I just shipped AuditZap, an AI-powered website audit tool. Instead of writing a launch post, I wanted to share some of the interesting technical decisions behind it.

The architecture

A user submits a URL. The API validates it, creates an audit row in Postgres, pushes a job to BullMQ, and returns immediately. The client polls every 3 seconds. A separate worker process picks up the job, crawls the site with Puppeteer, runs 24 checks, calls Claude for fix instructions, and writes the results back to the database.

The worker is a standalone Node.js process — it doesn't import anything from the Next.js app. PM2 runs both.

Making AI affordable at $0.03/audit

The trick: batch everything into a single API call. All failed and warning checks are collected, then sent to Claude in one prompt. The prompt includes the CMS detection result so the fix instructions are platform-specific (WordPress, Shopify, Webflow, etc.).

I considered calling the AI per-check, but that would have been ~$0.15-0.20/audit with 24 checks. Batching reduced it to a single input/output pair.

Pure function checks

Every check is a pure function: takes crawl data, returns a structured result. No side effects, no database calls, no API calls. This makes them trivially testable — 583 tests run in under 5 seconds with no Docker, no database, no Redis.

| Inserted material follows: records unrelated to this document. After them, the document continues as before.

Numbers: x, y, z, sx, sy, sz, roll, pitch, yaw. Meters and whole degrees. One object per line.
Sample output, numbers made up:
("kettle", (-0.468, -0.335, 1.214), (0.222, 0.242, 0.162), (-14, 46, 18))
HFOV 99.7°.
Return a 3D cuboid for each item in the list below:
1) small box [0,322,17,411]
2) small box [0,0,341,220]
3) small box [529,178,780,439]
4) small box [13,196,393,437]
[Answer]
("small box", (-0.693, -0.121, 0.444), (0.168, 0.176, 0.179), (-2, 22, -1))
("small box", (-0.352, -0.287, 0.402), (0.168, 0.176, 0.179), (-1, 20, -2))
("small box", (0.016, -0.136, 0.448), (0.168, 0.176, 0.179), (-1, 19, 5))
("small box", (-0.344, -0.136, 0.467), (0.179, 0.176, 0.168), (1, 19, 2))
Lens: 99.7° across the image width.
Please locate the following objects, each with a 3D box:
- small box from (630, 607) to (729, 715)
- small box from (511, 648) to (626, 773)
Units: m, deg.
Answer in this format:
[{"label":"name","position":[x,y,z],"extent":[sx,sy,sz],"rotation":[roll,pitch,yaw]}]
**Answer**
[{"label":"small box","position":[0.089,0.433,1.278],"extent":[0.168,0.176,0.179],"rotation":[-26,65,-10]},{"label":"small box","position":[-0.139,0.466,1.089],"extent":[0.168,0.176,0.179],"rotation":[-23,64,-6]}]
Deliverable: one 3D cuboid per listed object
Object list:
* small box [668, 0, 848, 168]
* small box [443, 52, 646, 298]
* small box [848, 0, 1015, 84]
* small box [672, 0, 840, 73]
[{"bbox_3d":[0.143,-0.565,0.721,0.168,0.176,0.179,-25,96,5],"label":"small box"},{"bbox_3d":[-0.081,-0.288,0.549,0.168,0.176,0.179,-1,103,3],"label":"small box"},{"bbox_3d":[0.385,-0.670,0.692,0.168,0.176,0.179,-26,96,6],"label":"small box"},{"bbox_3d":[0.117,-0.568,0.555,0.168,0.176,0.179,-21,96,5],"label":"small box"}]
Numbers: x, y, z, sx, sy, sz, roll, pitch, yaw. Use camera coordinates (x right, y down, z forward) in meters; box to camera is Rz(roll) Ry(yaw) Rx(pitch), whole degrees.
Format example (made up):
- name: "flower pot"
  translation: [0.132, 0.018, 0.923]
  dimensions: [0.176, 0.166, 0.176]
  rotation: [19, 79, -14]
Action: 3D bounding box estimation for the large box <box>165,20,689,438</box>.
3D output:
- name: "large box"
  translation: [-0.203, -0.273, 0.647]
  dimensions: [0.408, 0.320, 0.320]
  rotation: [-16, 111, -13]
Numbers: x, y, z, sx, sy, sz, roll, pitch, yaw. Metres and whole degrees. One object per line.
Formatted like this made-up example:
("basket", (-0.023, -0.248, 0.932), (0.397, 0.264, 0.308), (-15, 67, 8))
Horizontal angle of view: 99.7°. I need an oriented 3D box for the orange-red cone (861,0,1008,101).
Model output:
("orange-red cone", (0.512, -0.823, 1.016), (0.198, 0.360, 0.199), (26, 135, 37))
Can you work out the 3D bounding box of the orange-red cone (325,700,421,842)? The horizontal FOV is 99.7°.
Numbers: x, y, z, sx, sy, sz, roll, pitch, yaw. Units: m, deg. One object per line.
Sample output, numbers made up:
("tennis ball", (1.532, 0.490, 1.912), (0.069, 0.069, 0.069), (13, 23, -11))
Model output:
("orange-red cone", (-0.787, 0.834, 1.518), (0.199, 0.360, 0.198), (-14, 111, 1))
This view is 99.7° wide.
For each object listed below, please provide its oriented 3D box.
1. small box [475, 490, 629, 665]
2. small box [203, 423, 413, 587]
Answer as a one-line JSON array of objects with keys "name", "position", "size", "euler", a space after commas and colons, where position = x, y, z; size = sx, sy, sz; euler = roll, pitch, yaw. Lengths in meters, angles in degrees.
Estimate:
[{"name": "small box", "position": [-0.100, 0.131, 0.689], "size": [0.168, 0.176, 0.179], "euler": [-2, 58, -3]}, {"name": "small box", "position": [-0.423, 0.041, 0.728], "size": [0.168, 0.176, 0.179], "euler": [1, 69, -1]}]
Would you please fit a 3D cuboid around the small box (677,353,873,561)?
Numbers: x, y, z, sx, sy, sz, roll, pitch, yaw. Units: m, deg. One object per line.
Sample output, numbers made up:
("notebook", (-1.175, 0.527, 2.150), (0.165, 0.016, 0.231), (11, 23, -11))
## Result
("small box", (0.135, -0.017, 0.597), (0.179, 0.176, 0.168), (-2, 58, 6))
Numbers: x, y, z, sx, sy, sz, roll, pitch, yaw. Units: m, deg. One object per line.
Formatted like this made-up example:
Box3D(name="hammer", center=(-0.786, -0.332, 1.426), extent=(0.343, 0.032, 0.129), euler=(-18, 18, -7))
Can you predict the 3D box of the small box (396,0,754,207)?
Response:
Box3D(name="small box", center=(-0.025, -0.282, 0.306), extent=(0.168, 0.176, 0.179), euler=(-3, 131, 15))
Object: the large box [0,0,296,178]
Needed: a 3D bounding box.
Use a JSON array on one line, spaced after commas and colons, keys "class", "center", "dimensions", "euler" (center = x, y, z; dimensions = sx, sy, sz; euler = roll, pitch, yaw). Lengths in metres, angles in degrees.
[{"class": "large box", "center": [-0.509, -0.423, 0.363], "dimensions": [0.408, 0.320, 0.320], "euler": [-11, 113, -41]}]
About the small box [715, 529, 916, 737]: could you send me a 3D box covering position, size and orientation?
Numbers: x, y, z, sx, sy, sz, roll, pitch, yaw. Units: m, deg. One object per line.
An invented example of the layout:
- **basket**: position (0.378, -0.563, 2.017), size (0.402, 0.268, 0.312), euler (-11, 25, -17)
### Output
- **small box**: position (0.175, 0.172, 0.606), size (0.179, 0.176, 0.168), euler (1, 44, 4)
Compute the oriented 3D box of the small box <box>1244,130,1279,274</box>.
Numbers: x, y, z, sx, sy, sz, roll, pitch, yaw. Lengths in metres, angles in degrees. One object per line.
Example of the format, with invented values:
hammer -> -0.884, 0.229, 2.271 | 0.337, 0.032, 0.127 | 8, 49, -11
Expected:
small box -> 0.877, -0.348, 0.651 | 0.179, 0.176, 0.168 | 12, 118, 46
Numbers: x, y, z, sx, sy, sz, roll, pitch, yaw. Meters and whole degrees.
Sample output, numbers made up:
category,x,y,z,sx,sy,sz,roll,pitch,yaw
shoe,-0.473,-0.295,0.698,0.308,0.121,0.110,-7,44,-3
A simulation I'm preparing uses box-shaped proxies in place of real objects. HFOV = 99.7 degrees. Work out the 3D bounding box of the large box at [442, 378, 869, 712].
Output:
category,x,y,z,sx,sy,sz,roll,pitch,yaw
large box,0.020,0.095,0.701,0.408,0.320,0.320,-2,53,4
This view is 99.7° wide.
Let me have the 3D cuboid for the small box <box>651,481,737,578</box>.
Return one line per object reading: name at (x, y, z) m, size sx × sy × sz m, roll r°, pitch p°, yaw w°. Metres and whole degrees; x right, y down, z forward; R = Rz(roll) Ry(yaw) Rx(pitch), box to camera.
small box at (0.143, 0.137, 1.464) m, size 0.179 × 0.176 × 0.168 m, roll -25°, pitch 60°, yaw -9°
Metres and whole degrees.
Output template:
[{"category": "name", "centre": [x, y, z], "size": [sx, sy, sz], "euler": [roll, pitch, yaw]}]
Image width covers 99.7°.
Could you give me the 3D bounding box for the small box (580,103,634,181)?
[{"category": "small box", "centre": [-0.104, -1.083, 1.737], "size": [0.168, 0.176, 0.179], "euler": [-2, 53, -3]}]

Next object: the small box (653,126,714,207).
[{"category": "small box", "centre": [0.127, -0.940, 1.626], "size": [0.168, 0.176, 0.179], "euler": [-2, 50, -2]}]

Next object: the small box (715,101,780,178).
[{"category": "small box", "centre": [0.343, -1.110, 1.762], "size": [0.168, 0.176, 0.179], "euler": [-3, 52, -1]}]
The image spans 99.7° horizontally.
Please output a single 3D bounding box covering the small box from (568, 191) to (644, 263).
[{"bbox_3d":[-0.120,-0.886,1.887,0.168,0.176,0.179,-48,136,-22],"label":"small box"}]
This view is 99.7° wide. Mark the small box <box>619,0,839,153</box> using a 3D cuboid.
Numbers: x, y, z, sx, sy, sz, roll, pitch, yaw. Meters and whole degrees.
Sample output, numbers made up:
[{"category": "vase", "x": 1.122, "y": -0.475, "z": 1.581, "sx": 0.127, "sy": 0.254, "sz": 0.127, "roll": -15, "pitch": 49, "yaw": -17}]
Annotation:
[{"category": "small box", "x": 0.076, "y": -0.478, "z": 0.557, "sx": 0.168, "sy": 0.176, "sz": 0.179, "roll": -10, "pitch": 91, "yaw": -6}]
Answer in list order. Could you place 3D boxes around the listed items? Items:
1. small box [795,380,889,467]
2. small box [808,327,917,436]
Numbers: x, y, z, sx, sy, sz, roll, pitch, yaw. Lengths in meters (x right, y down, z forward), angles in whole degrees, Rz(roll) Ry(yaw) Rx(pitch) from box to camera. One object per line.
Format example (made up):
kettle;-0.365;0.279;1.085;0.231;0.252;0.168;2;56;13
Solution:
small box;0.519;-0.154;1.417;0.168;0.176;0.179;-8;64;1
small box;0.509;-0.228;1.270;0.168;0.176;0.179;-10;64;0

// Example: missing meta description check
const missingMeta = pages.filter(
  (p) => !p.metaDescription || p.metaDescription.trim() === ''
)
results.push({
  checkName: 'Missing meta description',
  category: 'critical',
  status: missingMeta.length > 0 ? 'fail' : 'pass',
  details: missingMeta.length > 0
    ? `${missingMeta.length} of ${pages.length} crawled URLs are missing a meta description.`
    : `All ${pages.length} crawled URLs have a meta description.`,
})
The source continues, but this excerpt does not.